The path of Sibayak is a path for everyone, even those who are not well trained, and is structured as follows:
- The first part of the trek is on asphalt road and after about an hour, you reach the entrance of the path where there is a hut for the purchase of the ticket. The cost is 10,000 IDR.
- The second part is very different: at first you walk on an asphalt section interspersed with another dirt road and then you continue along a long path made of muddy steps that disappear once you get to the crater. The duration of this walk along the second section is an hour and a half but the view from the volcanic peak will repay you for every effort.
WHAT TO BRING
- Comfortable clothing and waterproof shoes.
- Rain jacket, given the unpredictability of the weather.
- Water and food, as along the way there are not many refreshment points.
- Sunscreen in case of shining sun.
- Swimsuit and towel if you make a stop at the hot springs.
Once I arrived in Berastagi, I stayed at the Kaesa Homestay, from which began my trek together with two other guys who were staying in my own dorm. The owners are lovely, very welcoming and have provided us with all the useful information to make the excursion safely but autonomously. Even the breakfast was delicious, every morning with a different juice. The first part of the hike follows the main asphalt road along which you can enjoy the beautiful view of the Sinabung volcano. . The stretch continues to the entrance of the path where there are two men inside a barrack improvised from bamboo reeds and billboards that sell the ticket for the climb to the volcano. However, if you do not want to reach the entrance on foot, you can take some shared buses with the inscription KAMA that pass near your accommodation and take you to the entrance of the path.

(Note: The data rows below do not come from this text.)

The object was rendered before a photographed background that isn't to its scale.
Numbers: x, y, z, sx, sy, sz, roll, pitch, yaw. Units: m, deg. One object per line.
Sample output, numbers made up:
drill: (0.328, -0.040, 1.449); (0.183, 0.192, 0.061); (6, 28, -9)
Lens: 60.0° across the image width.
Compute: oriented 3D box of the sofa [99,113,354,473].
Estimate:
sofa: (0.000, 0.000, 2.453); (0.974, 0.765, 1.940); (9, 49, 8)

The two men had us compile a register and reading it, I discovered that few other Italians had gone so far. One of the two gentlemen inside the hut confirmed to me that Mount Sibayak is not a popular destination among Italians. After passing the entrance, the asphalt road begins to shrink and once you start to walk into the jungle, the path is nothing more than a line of white powder that looks like chalk. After a little more than two hours of walking, the sulphurous smell of rotten eggs begins to fill the air and accompanies you as long as the path opens onto a natural terrace from where we could see the crater in the distance. All around there were small openings (vents) in the rock and the steam hissed out creating many small fumaroles that came up with a loud noise, like that of a chimney. Around these cracks, the rocks were colored blue, green and yellow, due to the reaction with sulfur. Once we reached the crater we observed some people who at a lower point were writing words, wishes and some their names, on stones that deposited at a point not far from the crater. For a while we wandered around the rim, took pictures and had lunch at the end of the crater, before we started our descent.

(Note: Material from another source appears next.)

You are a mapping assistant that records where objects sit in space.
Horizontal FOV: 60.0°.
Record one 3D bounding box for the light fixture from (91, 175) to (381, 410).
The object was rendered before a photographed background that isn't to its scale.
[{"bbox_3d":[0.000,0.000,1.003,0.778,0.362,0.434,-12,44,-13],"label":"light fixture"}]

We walked the same path as the way there and when we arrived at the entrance at the foot of the volcano, we turned left towards the thermal water pools where you can take a relaxing bath. It is possible to reach them within an hour after passing some sloping cultivated fields and a group of houses, along the path. We went to the Hot Spring Pesona Sibayak View and the entrance fee is 10000 IDR. It is appropriate to wear the bikini here, but remember that you are in a Muslim area, so even if it goes well, you will probably still have a lot of looks on you. It was the perfect way to relax our muscles after an excursion. To return to Berastagi we took a shared bus at a cost of 7000 IDR. It was an unforgettable experience!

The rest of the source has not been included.